## TASK MATERIAL
- Opening Delimiter -

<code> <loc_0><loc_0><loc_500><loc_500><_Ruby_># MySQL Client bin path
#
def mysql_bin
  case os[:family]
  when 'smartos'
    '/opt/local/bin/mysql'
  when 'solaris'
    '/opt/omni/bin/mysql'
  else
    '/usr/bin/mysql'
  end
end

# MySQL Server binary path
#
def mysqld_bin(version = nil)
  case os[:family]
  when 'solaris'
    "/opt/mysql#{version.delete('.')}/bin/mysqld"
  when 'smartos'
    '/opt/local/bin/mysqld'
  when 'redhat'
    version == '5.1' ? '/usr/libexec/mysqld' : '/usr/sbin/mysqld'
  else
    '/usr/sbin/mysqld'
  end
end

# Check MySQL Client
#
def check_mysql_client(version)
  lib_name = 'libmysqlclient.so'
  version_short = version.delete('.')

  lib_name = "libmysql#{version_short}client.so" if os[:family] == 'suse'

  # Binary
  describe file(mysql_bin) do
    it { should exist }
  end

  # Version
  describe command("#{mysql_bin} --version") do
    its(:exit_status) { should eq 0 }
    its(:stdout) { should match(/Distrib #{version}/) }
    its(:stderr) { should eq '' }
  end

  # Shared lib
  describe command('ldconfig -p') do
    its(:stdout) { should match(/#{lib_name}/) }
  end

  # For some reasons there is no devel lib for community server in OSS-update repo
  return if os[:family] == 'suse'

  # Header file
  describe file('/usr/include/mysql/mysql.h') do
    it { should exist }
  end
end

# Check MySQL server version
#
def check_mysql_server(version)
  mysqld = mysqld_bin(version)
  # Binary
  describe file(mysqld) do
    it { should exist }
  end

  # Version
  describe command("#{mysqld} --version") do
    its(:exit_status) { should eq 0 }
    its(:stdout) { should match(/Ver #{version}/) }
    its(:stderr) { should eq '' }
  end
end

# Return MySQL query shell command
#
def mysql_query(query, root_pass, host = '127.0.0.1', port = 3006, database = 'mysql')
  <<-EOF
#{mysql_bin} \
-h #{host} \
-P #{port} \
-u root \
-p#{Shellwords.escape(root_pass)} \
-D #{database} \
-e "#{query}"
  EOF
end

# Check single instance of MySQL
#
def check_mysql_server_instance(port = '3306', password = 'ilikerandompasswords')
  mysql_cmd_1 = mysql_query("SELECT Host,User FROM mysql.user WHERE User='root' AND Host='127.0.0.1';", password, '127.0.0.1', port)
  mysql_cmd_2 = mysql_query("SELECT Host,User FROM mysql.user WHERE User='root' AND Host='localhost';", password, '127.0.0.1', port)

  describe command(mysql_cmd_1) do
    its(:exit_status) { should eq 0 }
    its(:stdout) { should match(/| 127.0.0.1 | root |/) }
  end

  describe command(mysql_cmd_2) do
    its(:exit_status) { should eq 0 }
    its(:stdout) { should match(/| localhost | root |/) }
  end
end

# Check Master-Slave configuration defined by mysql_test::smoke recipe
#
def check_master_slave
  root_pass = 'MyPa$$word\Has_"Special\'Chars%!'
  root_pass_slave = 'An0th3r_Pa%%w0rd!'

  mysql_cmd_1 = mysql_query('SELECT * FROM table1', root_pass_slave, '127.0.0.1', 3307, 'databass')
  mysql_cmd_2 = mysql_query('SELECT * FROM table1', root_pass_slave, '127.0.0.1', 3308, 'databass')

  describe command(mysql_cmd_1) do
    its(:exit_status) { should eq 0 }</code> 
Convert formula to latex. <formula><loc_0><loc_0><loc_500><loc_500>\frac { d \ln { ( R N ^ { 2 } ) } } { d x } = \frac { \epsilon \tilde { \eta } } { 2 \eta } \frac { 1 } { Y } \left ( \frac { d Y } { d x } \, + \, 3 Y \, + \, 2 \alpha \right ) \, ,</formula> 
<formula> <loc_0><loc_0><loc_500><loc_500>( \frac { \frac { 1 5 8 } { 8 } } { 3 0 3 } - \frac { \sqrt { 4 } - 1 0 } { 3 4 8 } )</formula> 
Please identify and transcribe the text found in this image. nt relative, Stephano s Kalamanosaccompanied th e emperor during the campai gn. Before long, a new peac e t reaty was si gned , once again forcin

- Closing Delimiter -

## TRY IT
Every line in the records above that contains the word "suse" is to be copied out.

## TASK SOLUTION
  lib_name = "libmysql#{version_short}client.so" if os[:family] == 'suse'
  return if os[:family] == 'suse'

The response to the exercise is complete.